Crink. Crank. Crink. Crank.

La cuna rechina mientras la meso. Crink. Crank. La historia de mi vida.

Mi hijo tiene apenas dos semanas de vida y, en este momento, a las 4:02 de la mañana, me debato entre la cordura y el cansancio, producto de la falta de horas de sueño.

Créanme, siempre fui la primera en destacar las maravillas del embarazo y del parto. Siempre me fascinó la sensación mágica que se experimenta con cada hijo. Incluso en este instante, a esta hora de la madrugada, siento cómo se me infla el pecho de alegría a pesar del cansancio. Pero aun así, no estoy preparada para esta sensación de agotamiento interminable.
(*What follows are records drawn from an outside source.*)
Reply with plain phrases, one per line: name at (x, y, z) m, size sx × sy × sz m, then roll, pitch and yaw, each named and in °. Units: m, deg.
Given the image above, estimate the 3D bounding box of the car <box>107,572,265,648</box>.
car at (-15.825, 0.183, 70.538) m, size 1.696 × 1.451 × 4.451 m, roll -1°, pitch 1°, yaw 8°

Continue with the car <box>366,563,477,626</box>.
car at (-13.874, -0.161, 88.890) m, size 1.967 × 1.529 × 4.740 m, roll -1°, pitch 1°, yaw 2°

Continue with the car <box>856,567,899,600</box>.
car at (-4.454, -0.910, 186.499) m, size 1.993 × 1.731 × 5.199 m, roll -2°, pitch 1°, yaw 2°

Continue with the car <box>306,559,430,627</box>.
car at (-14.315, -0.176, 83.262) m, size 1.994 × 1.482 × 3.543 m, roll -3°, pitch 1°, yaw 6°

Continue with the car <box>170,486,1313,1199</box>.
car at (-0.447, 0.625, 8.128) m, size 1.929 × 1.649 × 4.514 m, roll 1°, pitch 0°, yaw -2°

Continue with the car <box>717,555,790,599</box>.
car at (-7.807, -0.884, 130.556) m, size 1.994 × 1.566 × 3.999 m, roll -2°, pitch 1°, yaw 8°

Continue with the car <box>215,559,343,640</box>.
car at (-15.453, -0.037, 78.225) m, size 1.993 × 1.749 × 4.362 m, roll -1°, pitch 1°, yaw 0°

No debería quejarme. Mi hijo es un santo. Sol se despierta una vez por noche y la segunda comida nocturna suele ocurrir entre el amanecer y las primeras horas de la mañana. El problema es que cada una de estas sesiones dura una eternidad.

El llanto desconsolado del niño hace que no pueda pegar un ojo. Lo amamanto unos diez minutos y luego cae rendido por el sueño. Me encantaría poder sentarme a contemplar su pequeña naricita y sus diminutos labios; recorrer con mis dedos su suave rostro sabiendo que está profundamente dormido. Pero lamentablemente no es posible, ya que el niño tiene una tendencia a empaparse íntegro.
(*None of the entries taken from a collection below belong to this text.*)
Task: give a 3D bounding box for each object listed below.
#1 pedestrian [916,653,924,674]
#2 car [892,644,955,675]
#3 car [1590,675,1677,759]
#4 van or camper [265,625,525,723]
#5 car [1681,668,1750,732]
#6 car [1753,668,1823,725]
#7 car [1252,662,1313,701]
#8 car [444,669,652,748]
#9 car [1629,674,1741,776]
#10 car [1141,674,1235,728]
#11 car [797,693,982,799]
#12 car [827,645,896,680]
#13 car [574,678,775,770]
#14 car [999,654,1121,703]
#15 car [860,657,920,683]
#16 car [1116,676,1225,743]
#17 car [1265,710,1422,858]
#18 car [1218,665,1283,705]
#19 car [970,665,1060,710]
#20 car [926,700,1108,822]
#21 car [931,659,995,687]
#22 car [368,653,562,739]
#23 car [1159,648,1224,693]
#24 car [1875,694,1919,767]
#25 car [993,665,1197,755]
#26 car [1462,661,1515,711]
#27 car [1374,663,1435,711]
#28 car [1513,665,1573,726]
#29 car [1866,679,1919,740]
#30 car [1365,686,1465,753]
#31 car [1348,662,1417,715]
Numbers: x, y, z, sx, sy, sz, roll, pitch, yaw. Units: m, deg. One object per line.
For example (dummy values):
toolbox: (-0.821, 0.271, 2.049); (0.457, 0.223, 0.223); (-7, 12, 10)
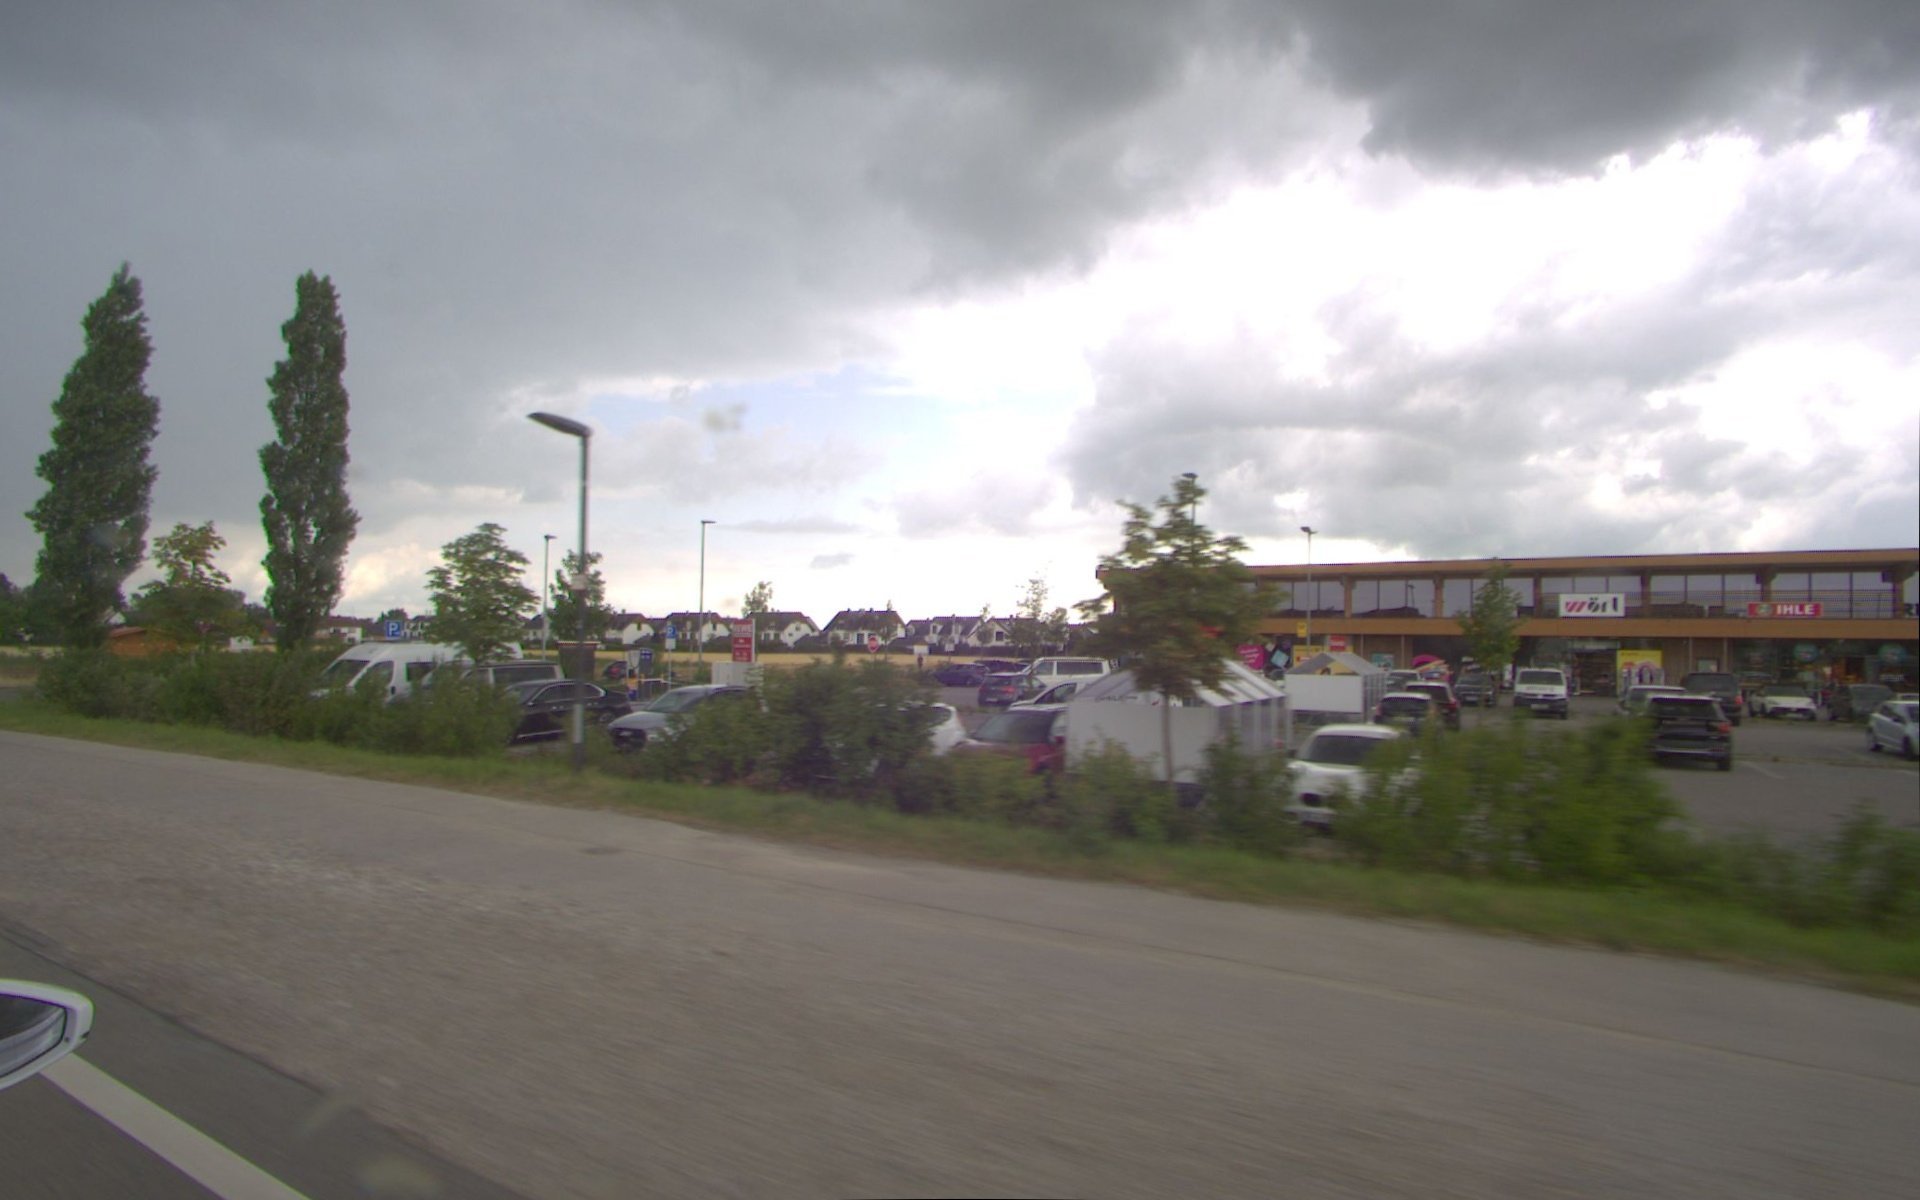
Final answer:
pedestrian: (-3.502, 5.557, 87.510); (0.591, 1.784, 0.481); (0, 0, 32)
car: (-2.545, 4.078, 69.303); (3.943, 2.040, 1.990); (-1, -1, 32)
car: (19.883, 3.363, 29.510); (1.974, 2.040, 3.974); (0, -1, 36)
van or camper: (-16.306, 2.006, 29.413); (2.247, 2.496, 6.459); (0, -1, 29)
car: (28.436, 3.709, 37.776); (1.974, 2.040, 3.974); (0, -1, 36)
car: (34.124, 3.923, 41.347); (1.974, 2.040, 3.974); (0, -1, 36)
car: (16.889, 4.209, 52.341); (1.920, 1.772, 3.974); (0, -1, 36)
car: (-10.681, 2.769, 26.413); (1.732, 1.618, 5.089); (0, -1, 30)
car: (16.942, 2.806, 23.435); (1.974, 1.895, 4.247); (0, -1, 36)
car: (8.420, 3.661, 36.764); (1.974, 1.639, 3.974); (0, -1, 36)
car: (-1.268, 2.778, 19.881); (1.651, 1.558, 4.141); (0, -1, 30)
car: (-6.113, 3.851, 62.056); (3.943, 2.040, 1.990); (-1, -1, 32)
car: (-6.333, 2.698, 22.676); (2.049, 1.618, 4.141); (0, -1, 30)
car: (4.383, 3.440, 44.418); (5.132, 2.040, 2.000); (0, -1, -5)
car: (-4.535, 4.501, 64.986); (3.528, 1.527, 1.742); (-1, -1, 32)
car: (6.396, 3.223, 30.146); (1.971, 1.639, 3.980); (0, -1, 32)
car: (5.871, 2.629, 15.097); (1.651, 1.558, 3.751); (0, -1, 30)
car: (13.702, 3.959, 47.144); (2.010, 1.628, 3.731); (0, -1, 32)
car: (2.219, 3.368, 39.275); (1.874, 1.451, 4.172); (0, -1, 30)
car: (1.102, 2.670, 17.399); (1.651, 1.558, 3.751); (0, -1, 30)
car: (0.176, 4.467, 61.652); (3.528, 1.527, 1.742); (-1, -1, 32)
car: (-13.732, 2.589, 28.078); (1.970, 2.040, 4.587); (0, -1, 30)
car: (11.198, 3.359, 48.267); (2.008, 1.936, 3.888); (0, -1, 30)
car: (25.465, 3.387, 26.077); (1.974, 1.572, 4.105); (0, -1, 36)
car: (3.469, 2.778, 26.136); (4.875, 1.931, 2.098); (-1, -1, 34)
car: (25.148, 4.029, 47.575); (1.971, 2.040, 5.122); (0, -1, 31)
car: (21.815, 4.212, 49.063); (1.974, 2.040, 3.974); (0, -1, 36)
car: (23.328, 3.749, 40.046); (1.971, 2.040, 5.122); (0, -1, 31)
car: (33.735, 3.873, 35.497); (1.974, 2.038, 3.978); (0, -4, 36)
car: (12.136, 3.096, 26.560); (1.971, 1.460, 3.983); (0, -3, 31)
car: (18.752, 3.857, 44.334); (1.974, 2.040, 3.974); (0, -1, 36)

Así que lo acuesto en mi cama y rápidamente comienza a llorar. Me levanto lo más rápido que puedo y busco un nuevo pañal, una nueva camiseta, sus pequeños pantalones y una frazada. Lo cambio a toda prisa mientras él agita las piernas furioso. De repente, mi marido abre un ojo sin mucho esfuerzo y balbucea: “¿Está todo bien?”.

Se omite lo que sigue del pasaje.